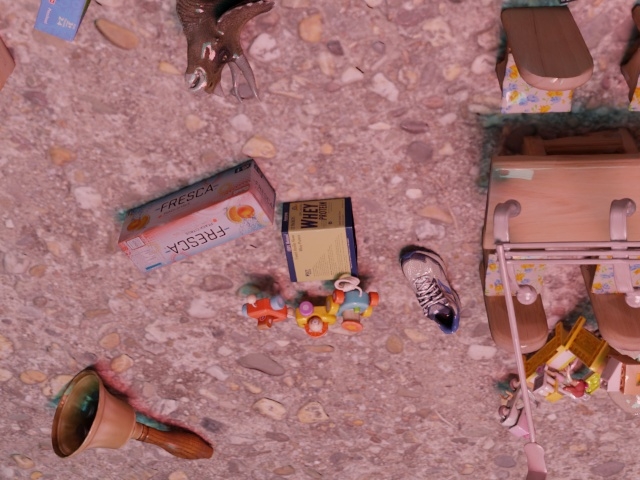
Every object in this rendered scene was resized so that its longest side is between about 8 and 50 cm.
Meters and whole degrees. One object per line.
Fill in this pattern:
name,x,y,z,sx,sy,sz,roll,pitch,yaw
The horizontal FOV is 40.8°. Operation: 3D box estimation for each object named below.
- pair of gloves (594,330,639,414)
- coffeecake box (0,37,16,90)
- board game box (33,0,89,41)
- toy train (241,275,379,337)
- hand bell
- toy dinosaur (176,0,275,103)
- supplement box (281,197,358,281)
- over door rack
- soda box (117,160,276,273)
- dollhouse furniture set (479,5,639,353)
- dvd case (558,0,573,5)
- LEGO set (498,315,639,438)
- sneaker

----

Scan the records above for the string "object", then copy each line where it turns up.

Every object in this rendered scene was resized so that its longest side is between about 8 and 50 cm.
Meters and whole degrees. One object per line.
The horizontal FOV is 40.8°. Operation: 3D box estimation for each object named below.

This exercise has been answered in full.